▸ **WHAT TO DO**:
Repeat these records exactly, pictures excluded.

====== SOURCE RECORDS

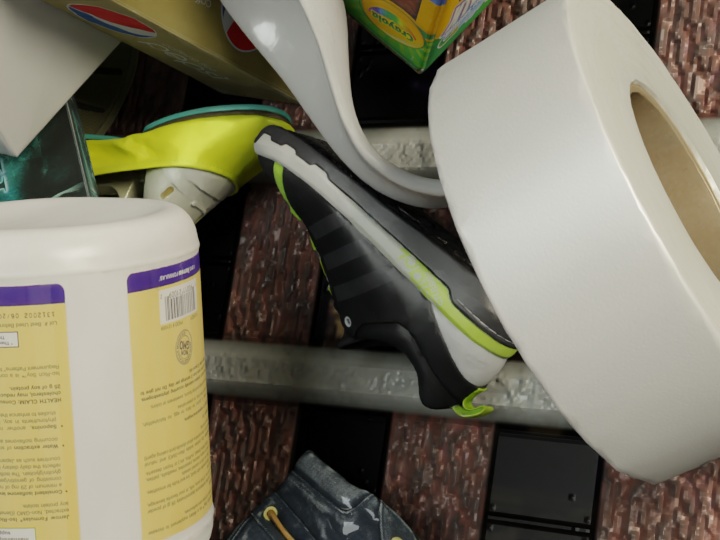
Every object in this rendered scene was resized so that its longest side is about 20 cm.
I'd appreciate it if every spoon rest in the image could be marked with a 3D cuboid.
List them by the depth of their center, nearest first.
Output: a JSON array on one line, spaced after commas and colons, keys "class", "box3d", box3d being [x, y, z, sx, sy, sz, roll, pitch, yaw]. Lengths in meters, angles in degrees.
[{"class": "spoon rest", "box3d": [-0.013, -0.103, 0.740, 0.200, 0.099, 0.061, 43, 72, 1]}]

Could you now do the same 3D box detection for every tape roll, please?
[{"class": "tape roll", "box3d": [0.112, -0.016, 0.624, 0.070, 0.202, 0.204, -29, 62, 23]}]

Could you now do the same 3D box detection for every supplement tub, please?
[{"class": "supplement tub", "box3d": [-0.143, 0.073, 0.701, 0.144, 0.145, 0.203, 5, 101, 34]}]

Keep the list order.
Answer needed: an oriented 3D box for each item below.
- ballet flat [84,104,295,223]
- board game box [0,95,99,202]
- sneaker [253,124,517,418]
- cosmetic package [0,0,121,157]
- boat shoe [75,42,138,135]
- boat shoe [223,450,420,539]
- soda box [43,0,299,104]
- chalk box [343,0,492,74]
[{"class": "ballet flat", "box3d": [-0.128, -0.051, 0.867, 0.198, 0.067, 0.068, -3, 71, 24]}, {"class": "board game box", "box3d": [-0.218, -0.051, 0.835, 0.134, 0.028, 0.201, -23, 50, 1]}, {"class": "sneaker", "box3d": [0.000, 0.000, 0.769, 0.200, 0.071, 0.083, 42, 106, 30]}, {"class": "cosmetic package", "box3d": [-0.180, -0.172, 0.824, 0.084, 0.108, 0.201, 14, 53, 36]}, {"class": "boat shoe", "box3d": [-0.183, -0.171, 0.950, 0.068, 0.074, 0.203, 9, 90, 64]}, {"class": "boat shoe", "box3d": [0.015, 0.174, 0.715, 0.200, 0.071, 0.091, 37, 81, 25]}, {"class": "soda box", "box3d": [-0.103, -0.153, 0.805, 0.067, 0.199, 0.065, 12, 83, 35]}, {"class": "chalk box", "box3d": [0.030, -0.198, 0.736, 0.124, 0.200, 0.124, 39, 68, 10]}]
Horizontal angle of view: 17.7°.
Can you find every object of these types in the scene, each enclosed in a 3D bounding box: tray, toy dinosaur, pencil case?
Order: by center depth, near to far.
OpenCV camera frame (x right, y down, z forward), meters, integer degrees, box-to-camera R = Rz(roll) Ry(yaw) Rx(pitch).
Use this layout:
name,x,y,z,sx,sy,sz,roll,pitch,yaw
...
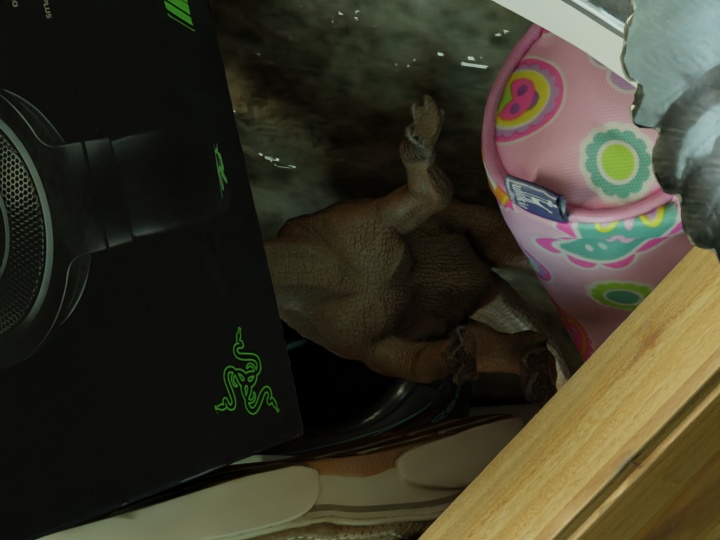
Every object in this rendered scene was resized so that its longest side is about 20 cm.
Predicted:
name,x,y,z,sx,sy,sz,roll,pitch,yaw
tray,0.089,0.061,0.686,0.200,0.037,0.098,-49,143,16
pencil case,0.102,-0.004,0.726,0.087,0.088,0.200,1,152,22
toy dinosaur,0.000,0.000,0.790,0.135,0.086,0.200,1,168,41

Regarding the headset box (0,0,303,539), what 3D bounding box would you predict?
name,x,y,z,sx,sy,sz,roll,pitch,yaw
headset box,-0.117,-0.012,0.631,0.092,0.175,0.200,-10,-177,37

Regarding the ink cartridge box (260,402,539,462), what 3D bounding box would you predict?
name,x,y,z,sx,sy,sz,roll,pitch,yaw
ink cartridge box,0.064,0.150,0.973,0.199,0.148,0.145,-6,149,30

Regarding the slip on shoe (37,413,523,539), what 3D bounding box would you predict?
name,x,y,z,sx,sy,sz,roll,pitch,yaw
slip on shoe,-0.025,0.087,0.699,0.199,0.061,0.076,-8,180,-44

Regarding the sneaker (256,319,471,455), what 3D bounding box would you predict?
name,x,y,z,sx,sy,sz,roll,pitch,yaw
sneaker,-0.058,0.035,0.872,0.199,0.076,0.079,-1,171,5

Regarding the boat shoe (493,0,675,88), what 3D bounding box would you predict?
name,x,y,z,sx,sy,sz,roll,pitch,yaw
boat shoe,0.097,-0.085,0.595,0.199,0.072,0.068,27,150,-16

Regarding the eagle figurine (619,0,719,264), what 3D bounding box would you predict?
name,x,y,z,sx,sy,sz,roll,pitch,yaw
eagle figurine,0.159,-0.071,0.517,0.151,0.151,0.200,36,165,-3

============

▸ **RESPONSE AREA**:
Every object in this rendered scene was resized so that its longest side is about 20 cm.
I'd appreciate it if every spoon rest in the image could be marked with a 3D cuboid.
List them by the depth of their center, nearest first.
Output: a JSON array on one line, spaced after commas and colons, keys "class", "box3d", box3d being [x, y, z, sx, sy, sz, roll, pitch, yaw]. Lengths in meters, angles in degrees.
[{"class": "spoon rest", "box3d": [-0.013, -0.103, 0.740, 0.200, 0.099, 0.061, 43, 72, 1]}]

Could you now do the same 3D box detection for every tape roll, please?
[{"class": "tape roll", "box3d": [0.112, -0.016, 0.624, 0.070, 0.202, 0.204, -29, 62, 23]}]

Could you now do the same 3D box detection for every supplement tub, please?
[{"class": "supplement tub", "box3d": [-0.143, 0.073, 0.701, 0.144, 0.145, 0.203, 5, 101, 34]}]

Keep the list order.
Answer needed: an oriented 3D box for each item below.
- ballet flat [84,104,295,223]
- board game box [0,95,99,202]
- sneaker [253,124,517,418]
- cosmetic package [0,0,121,157]
- boat shoe [75,42,138,135]
- boat shoe [223,450,420,539]
- soda box [43,0,299,104]
- chalk box [343,0,492,74]
[{"class": "ballet flat", "box3d": [-0.128, -0.051, 0.867, 0.198, 0.067, 0.068, -3, 71, 24]}, {"class": "board game box", "box3d": [-0.218, -0.051, 0.835, 0.134, 0.028, 0.201, -23, 50, 1]}, {"class": "sneaker", "box3d": [0.000, 0.000, 0.769, 0.200, 0.071, 0.083, 42, 106, 30]}, {"class": "cosmetic package", "box3d": [-0.180, -0.172, 0.824, 0.084, 0.108, 0.201, 14, 53, 36]}, {"class": "boat shoe", "box3d": [-0.183, -0.171, 0.950, 0.068, 0.074, 0.203, 9, 90, 64]}, {"class": "boat shoe", "box3d": [0.015, 0.174, 0.715, 0.200, 0.071, 0.091, 37, 81, 25]}, {"class": "soda box", "box3d": [-0.103, -0.153, 0.805, 0.067, 0.199, 0.065, 12, 83, 35]}, {"class": "chalk box", "box3d": [0.030, -0.198, 0.736, 0.124, 0.200, 0.124, 39, 68, 10]}]
Horizontal angle of view: 17.7°.
Can you find every object of these types in the scene, each enclosed in a 3D bounding box: tray, toy dinosaur, pencil case?
Order: by center depth, near to far.
OpenCV camera frame (x right, y down, z forward), meters, integer degrees, box-to-camera R = Rz(roll) Ry(yaw) Rx(pitch).
Use this layout:
name,x,y,z,sx,sy,sz,roll,pitch,yaw
...
Every object in this rendered scene was resized so that its longest side is about 20 cm.
Predicted:
name,x,y,z,sx,sy,sz,roll,pitch,yaw
tray,0.089,0.061,0.686,0.200,0.037,0.098,-49,143,16
pencil case,0.102,-0.004,0.726,0.087,0.088,0.200,1,152,22
toy dinosaur,0.000,0.000,0.790,0.135,0.086,0.200,1,168,41

Regarding the headset box (0,0,303,539), what 3D bounding box would you predict?
name,x,y,z,sx,sy,sz,roll,pitch,yaw
headset box,-0.117,-0.012,0.631,0.092,0.175,0.200,-10,-177,37

Regarding the ink cartridge box (260,402,539,462), what 3D bounding box would you predict?
name,x,y,z,sx,sy,sz,roll,pitch,yaw
ink cartridge box,0.064,0.150,0.973,0.199,0.148,0.145,-6,149,30

Regarding the slip on shoe (37,413,523,539), what 3D bounding box would you predict?
name,x,y,z,sx,sy,sz,roll,pitch,yaw
slip on shoe,-0.025,0.087,0.699,0.199,0.061,0.076,-8,180,-44

Regarding the sneaker (256,319,471,455), what 3D bounding box would you predict?
name,x,y,z,sx,sy,sz,roll,pitch,yaw
sneaker,-0.058,0.035,0.872,0.199,0.076,0.079,-1,171,5

Regarding the boat shoe (493,0,675,88), what 3D bounding box would you predict?
name,x,y,z,sx,sy,sz,roll,pitch,yaw
boat shoe,0.097,-0.085,0.595,0.199,0.072,0.068,27,150,-16

Regarding the eagle figurine (619,0,719,264), what 3D bounding box would you predict?
name,x,y,z,sx,sy,sz,roll,pitch,yaw
eagle figurine,0.159,-0.071,0.517,0.151,0.151,0.200,36,165,-3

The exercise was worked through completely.